Votre rapporteur a été, en sa qualité de président de la délégation pour l'Union européenne, le représentant du Sénat à la Convention, avec Mme Marie-Madeleine Dieulangard comme efficace suppléante. Pour la petite histoire, il faut savoir que l'adoption de cet article a été difficile. Selon certains Etats membres du Nord, il était non seulement pas nécessaire, mais même dangereux.

Du reste, la portée concrète de l'article 36, disposition proclamatoire, apparaît pour l'instant des plus limitées.

D'après le commentaire article par article du projet de Charte des droits fondamentaux établi par la présidence de la Convention, " cet article, qui se fonde sur l'article 16 du traité instituant la Communauté européenne, ne crée pas de droit en lui-même, mais pose le principe du respect par l'Union de l'accès aux services d'intérêt économique général prévu par les dispositions nationales dès lors qu'il est compatible avec le droit communautaire ".

D'une manière plus générale, l'une des dispositions finales du projet de Charte des droits fondamentaux (article 52) précise expressément que " les droits reconnus par la présente Charte, qui trouvent leur fondement dans les traités communautaires ou dans le traité sur l'Union européenne, s'exercent dans les conditions et limites définies par ceux-ci ".

Dès lors, la proclamation au profit des citoyens européens d'un droit d'accès aux services d'intérêt général n'apparaît pas a priori de nature à déplacer le point d'équilibre entre concurrence et service public auquel le droit communautaire est aujourd'hui parvenu.

Néanmoins, sur le plan de la procédure, la reconnaissance de l'accès aux services publics comme droit personnel pourrait offrir de nouvelles opportunités de saisine de la Cour de justice des Communautés européenne dans le domaine des services publics, qui est actuellement l'affaire quasi exclusive des entreprises et des Etats.

Sur le fond, cette irruption du citoyen-utilisateur des services publics dans le débat pourrait infléchir la jurisprudence de la Cour de justice et, partant, la pratique de la Commission.
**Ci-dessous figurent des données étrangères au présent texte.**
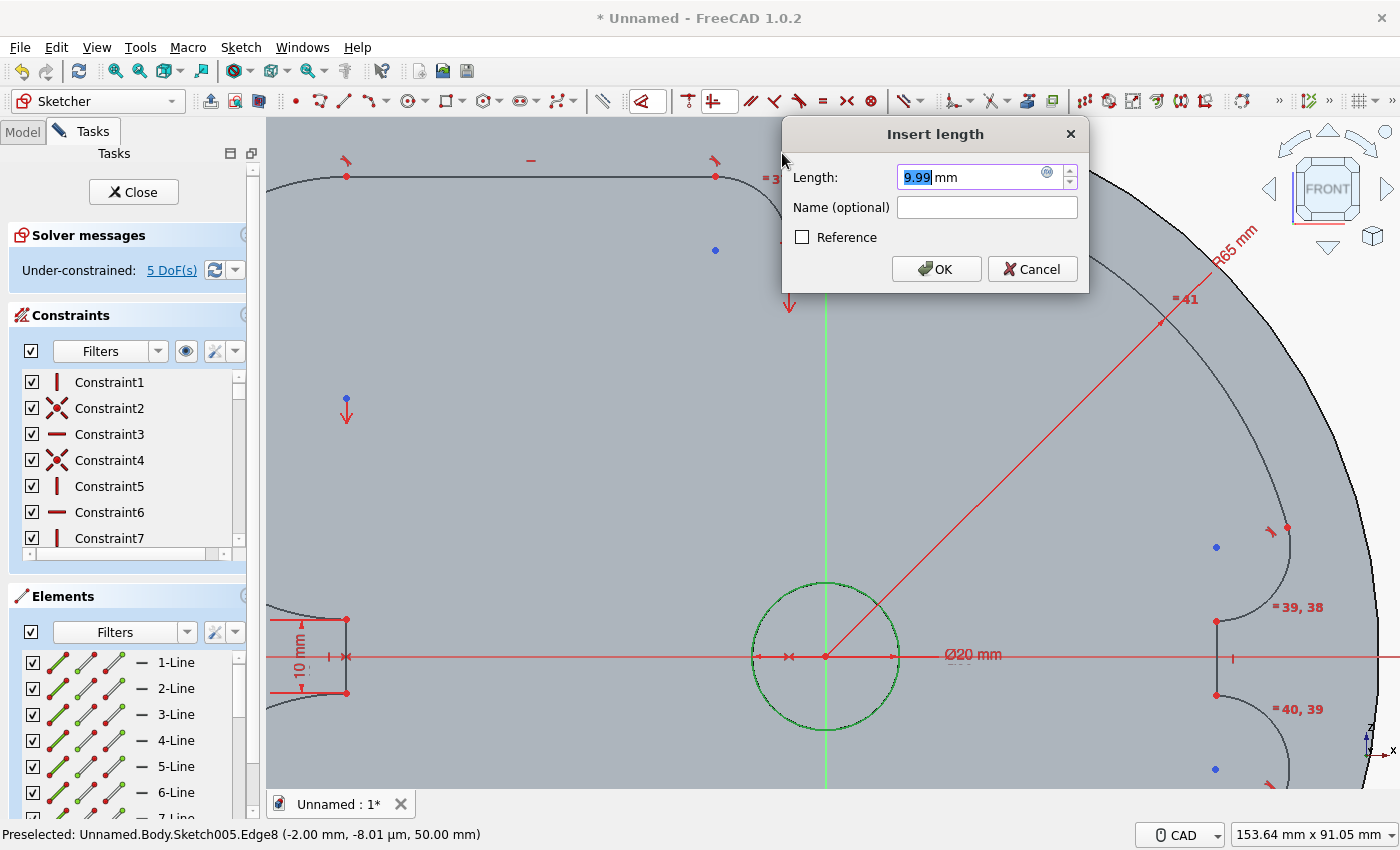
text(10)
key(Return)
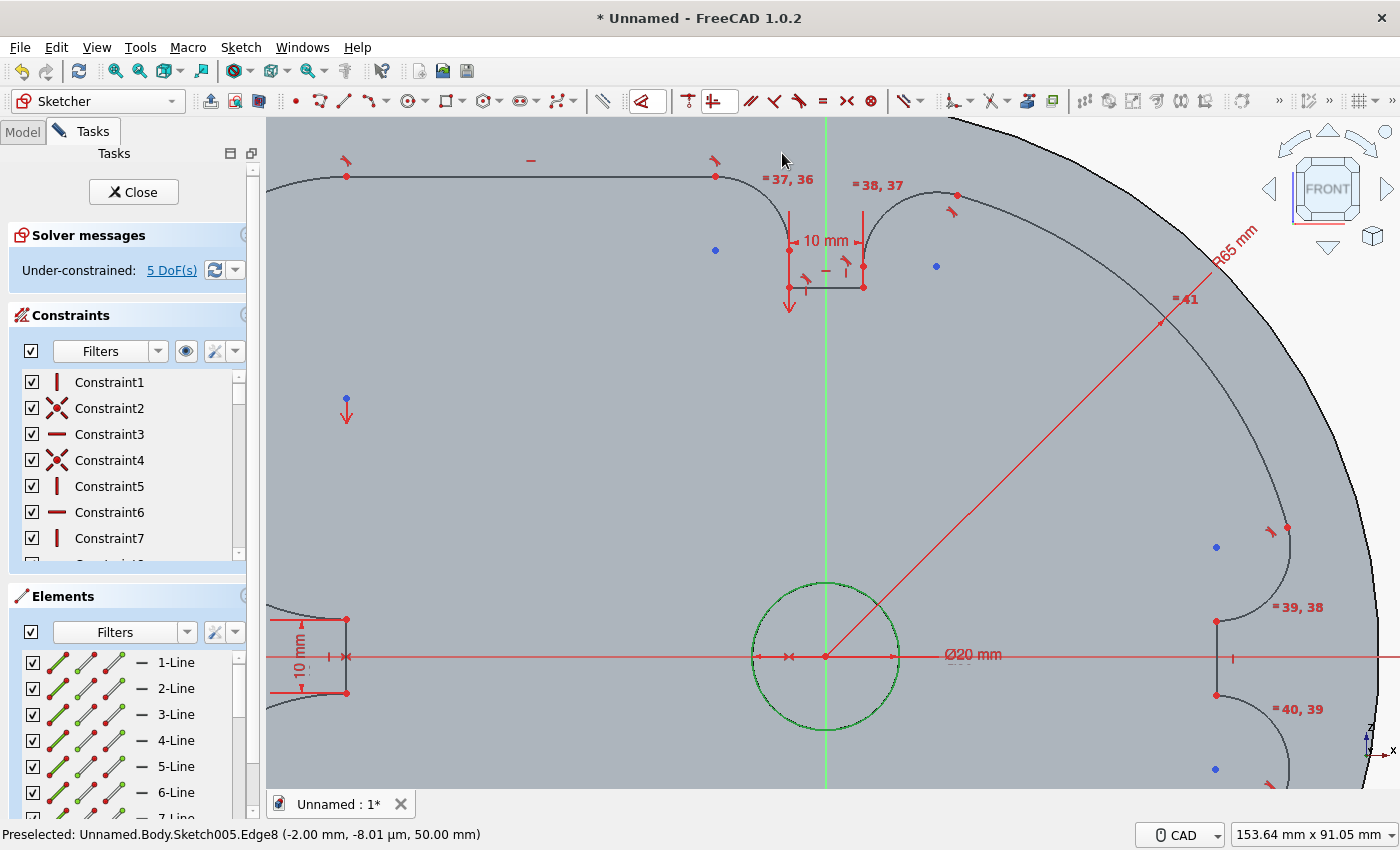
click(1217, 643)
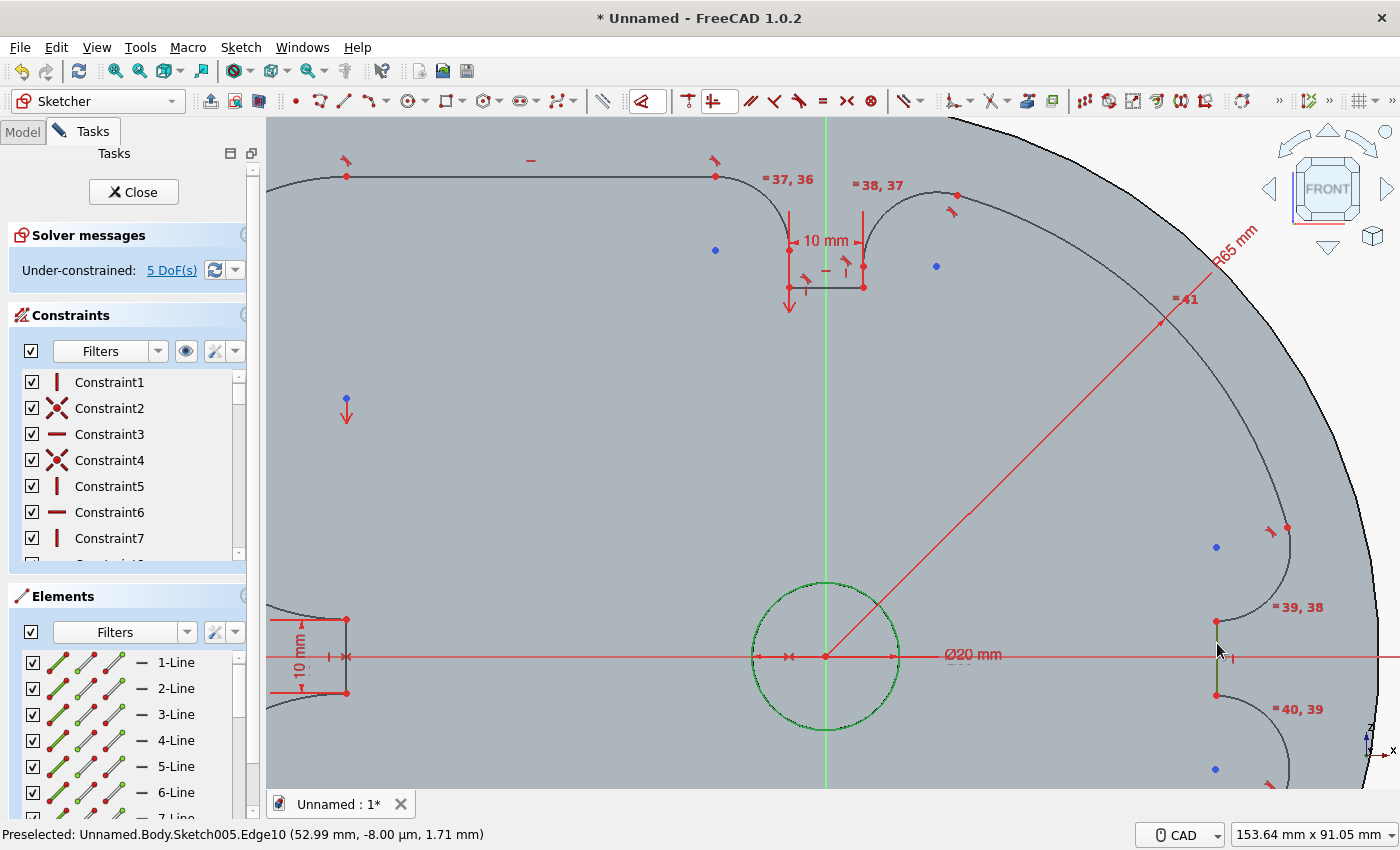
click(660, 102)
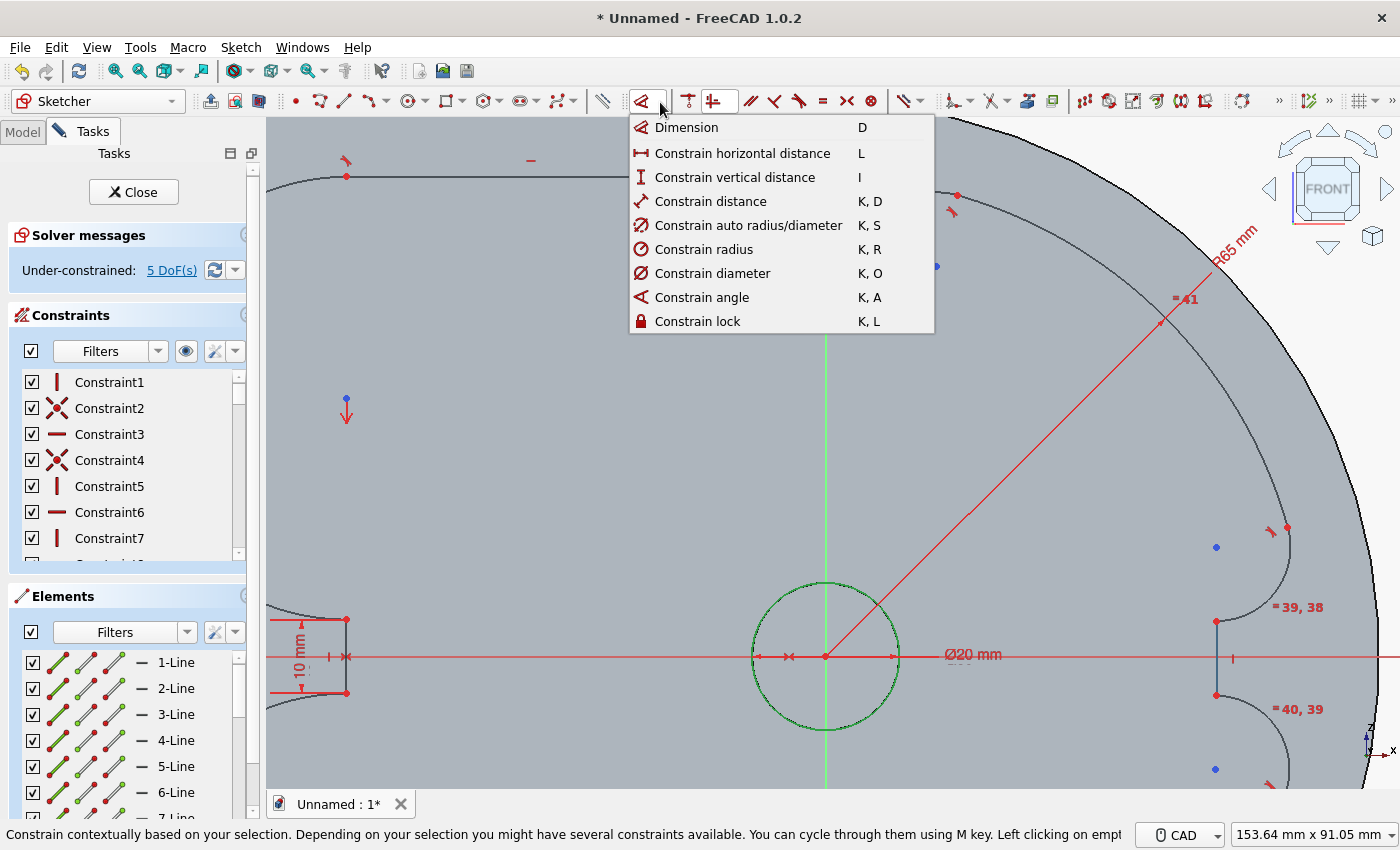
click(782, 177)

Tout dépend, en fait, de la valeur juridique qui sera accordée à la Charte des droits fondamentaux de l'Union européenne par le Conseil européen de Nice qui doit normalement clore la Conférence intergouvernementale en cours sur la réforme des institutions communautaires. Les avis sont partagés, mais il semble qu'il ne soit possible dans l'immédiat ni de lui donner force contraignante, ni même d'inscrire dans le traité une référence à la Charte.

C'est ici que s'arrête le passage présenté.